THE TASK: Only one span is wanted from the lines below: from the one with "Sample output, numbers" up to and including the one with "Job: 3D box estimation.". Copy it exactly, without images.

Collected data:
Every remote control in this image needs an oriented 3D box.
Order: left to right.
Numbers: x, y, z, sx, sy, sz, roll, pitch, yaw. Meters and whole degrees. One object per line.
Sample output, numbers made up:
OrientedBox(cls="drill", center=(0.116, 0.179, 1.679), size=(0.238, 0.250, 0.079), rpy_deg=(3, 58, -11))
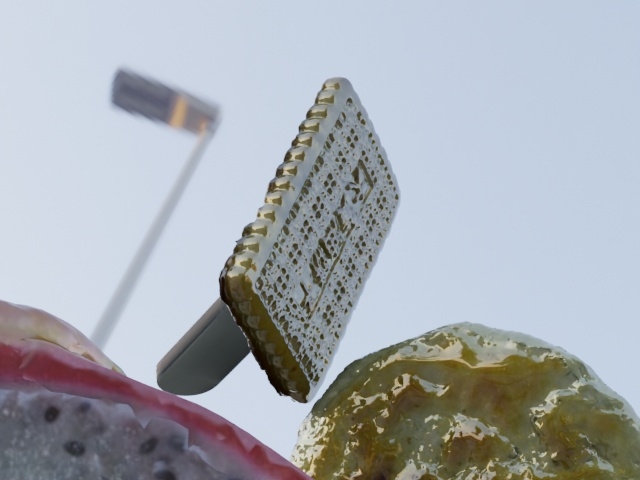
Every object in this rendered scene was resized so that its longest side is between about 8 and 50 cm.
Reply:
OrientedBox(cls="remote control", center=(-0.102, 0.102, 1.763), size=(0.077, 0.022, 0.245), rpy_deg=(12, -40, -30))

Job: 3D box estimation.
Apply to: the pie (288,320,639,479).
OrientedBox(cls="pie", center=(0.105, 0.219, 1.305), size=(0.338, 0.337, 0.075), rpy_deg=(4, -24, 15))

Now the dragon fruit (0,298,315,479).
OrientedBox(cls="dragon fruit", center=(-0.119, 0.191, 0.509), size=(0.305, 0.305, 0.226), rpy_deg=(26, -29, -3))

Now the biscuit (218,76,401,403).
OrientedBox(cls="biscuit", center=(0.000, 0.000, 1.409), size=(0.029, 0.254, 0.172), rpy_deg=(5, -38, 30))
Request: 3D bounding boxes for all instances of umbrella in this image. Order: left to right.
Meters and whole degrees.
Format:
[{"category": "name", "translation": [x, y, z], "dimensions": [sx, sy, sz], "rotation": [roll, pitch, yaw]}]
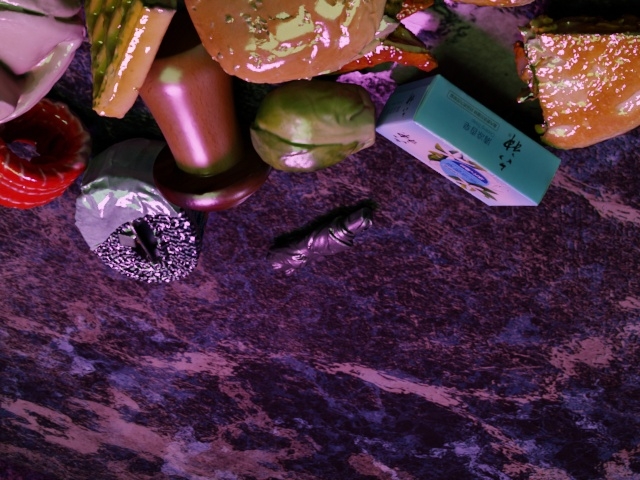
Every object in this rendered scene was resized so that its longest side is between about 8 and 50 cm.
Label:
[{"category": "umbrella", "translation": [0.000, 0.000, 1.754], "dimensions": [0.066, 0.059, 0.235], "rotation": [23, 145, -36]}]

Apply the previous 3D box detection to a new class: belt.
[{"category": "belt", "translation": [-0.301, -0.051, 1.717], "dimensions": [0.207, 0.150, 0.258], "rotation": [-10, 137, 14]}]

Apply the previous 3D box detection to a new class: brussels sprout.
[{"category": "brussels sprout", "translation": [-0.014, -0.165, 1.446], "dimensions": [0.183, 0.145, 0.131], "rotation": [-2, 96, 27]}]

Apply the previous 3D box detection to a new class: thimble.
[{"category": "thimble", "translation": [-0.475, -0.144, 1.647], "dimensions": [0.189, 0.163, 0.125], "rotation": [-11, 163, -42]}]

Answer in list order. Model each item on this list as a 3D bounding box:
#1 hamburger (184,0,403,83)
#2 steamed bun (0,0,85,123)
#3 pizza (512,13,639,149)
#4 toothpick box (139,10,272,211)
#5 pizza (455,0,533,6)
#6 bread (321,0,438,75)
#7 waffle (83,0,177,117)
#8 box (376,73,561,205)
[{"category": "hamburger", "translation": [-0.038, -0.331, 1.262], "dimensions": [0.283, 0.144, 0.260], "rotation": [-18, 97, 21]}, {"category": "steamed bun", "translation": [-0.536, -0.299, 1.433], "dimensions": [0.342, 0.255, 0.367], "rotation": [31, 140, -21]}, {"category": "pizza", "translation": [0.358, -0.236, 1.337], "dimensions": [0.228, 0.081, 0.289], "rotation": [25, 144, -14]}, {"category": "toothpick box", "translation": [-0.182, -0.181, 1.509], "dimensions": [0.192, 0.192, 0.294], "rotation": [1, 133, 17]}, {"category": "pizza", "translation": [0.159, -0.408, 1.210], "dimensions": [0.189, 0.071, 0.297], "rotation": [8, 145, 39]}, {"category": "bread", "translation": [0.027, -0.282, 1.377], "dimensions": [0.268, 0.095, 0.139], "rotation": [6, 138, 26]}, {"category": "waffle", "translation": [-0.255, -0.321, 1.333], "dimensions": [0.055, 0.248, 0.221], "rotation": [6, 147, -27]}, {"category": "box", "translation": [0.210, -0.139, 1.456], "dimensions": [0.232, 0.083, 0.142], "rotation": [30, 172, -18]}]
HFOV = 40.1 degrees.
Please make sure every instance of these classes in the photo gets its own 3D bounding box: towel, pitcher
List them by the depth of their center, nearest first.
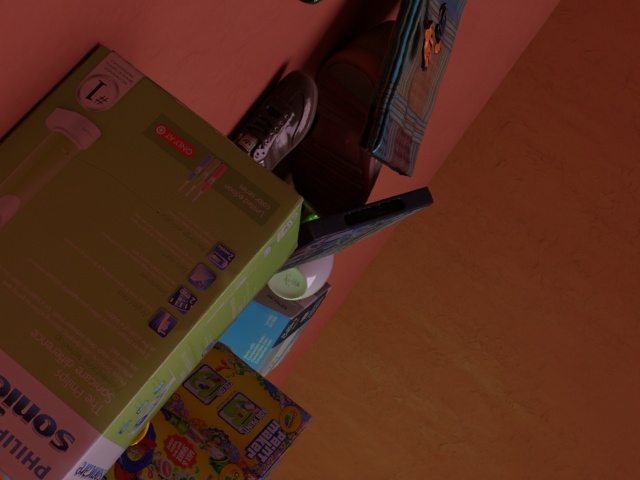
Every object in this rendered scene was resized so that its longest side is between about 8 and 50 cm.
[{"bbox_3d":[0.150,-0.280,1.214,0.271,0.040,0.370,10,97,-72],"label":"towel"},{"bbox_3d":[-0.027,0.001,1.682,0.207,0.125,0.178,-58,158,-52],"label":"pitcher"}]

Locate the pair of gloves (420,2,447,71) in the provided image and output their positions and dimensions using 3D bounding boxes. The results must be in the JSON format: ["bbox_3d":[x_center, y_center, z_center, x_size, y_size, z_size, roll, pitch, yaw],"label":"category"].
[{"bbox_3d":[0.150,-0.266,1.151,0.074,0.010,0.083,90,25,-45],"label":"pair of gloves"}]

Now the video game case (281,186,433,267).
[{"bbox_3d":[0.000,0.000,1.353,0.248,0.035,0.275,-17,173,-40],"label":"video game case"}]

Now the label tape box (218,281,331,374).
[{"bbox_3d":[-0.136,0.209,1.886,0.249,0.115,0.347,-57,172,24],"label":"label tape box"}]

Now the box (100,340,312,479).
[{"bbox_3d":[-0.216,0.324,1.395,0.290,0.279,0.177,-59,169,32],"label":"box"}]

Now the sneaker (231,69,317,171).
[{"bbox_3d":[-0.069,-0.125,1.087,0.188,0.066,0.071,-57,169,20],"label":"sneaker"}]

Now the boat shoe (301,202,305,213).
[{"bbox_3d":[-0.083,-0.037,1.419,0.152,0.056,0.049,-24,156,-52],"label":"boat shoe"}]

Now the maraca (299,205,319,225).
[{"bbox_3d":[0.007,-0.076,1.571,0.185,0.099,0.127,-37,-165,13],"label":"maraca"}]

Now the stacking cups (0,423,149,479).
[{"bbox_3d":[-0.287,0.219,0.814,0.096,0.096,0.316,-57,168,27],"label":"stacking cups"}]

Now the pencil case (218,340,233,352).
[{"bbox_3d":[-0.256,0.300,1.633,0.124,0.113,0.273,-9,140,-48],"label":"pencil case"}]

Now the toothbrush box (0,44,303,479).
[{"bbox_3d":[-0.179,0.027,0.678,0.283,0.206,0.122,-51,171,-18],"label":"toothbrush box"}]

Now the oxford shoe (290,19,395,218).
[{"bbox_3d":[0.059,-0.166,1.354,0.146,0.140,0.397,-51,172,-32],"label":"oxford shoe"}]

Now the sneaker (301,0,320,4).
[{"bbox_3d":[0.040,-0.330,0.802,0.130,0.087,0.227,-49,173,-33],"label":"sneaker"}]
==
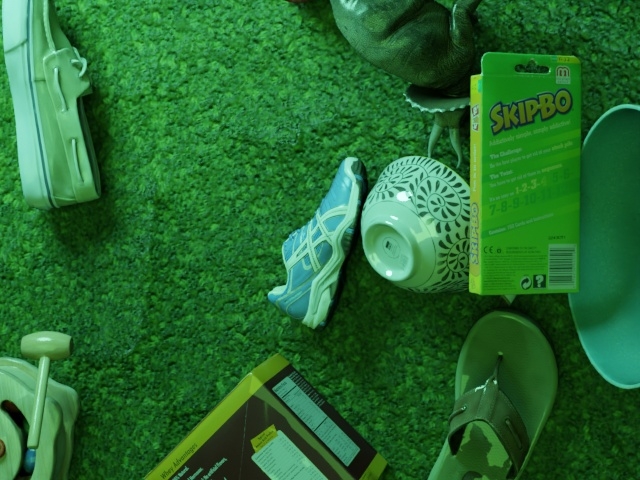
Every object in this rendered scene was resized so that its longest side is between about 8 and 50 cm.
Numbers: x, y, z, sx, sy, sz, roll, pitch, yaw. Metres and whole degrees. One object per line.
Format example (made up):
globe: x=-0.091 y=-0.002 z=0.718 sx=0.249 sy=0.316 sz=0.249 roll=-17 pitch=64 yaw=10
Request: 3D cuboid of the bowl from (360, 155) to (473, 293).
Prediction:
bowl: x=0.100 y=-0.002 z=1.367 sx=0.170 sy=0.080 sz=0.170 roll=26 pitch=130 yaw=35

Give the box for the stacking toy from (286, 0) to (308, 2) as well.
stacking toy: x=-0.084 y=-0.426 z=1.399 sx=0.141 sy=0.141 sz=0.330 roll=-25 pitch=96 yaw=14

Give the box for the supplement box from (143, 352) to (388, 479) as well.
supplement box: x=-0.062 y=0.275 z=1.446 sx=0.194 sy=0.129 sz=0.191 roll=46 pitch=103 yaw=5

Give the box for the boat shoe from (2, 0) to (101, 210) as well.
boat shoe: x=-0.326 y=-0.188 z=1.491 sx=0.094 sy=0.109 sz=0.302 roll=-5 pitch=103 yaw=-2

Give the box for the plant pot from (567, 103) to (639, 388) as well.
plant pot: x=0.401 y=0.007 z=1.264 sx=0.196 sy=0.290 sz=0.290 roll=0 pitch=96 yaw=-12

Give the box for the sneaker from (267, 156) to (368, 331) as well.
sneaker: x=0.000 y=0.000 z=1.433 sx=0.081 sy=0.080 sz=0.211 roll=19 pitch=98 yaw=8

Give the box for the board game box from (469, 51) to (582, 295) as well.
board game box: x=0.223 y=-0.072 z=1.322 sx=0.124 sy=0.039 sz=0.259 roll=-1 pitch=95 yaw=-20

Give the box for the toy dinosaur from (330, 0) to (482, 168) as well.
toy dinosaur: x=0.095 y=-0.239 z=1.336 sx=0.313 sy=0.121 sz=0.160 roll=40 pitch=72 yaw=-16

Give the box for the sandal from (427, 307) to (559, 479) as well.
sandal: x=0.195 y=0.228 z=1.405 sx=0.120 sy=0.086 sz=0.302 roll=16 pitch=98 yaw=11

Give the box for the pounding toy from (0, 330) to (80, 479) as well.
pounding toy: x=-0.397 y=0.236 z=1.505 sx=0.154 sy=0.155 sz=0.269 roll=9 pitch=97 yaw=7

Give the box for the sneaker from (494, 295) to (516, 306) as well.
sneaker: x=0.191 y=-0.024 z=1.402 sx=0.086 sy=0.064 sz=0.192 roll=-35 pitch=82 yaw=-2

RESPONSE TO THE TASK:
Sample output, numbers made up:
OrientedBox(cls="drill", center=(0.116, 0.179, 1.679), size=(0.238, 0.250, 0.079), rpy_deg=(3, 58, -11))
Every object in this rendered scene was resized so that its longest side is between about 8 and 50 cm.
Reply:
OrientedBox(cls="remote control", center=(-0.102, 0.102, 1.763), size=(0.077, 0.022, 0.245), rpy_deg=(12, -40, -30))

Job: 3D box estimation.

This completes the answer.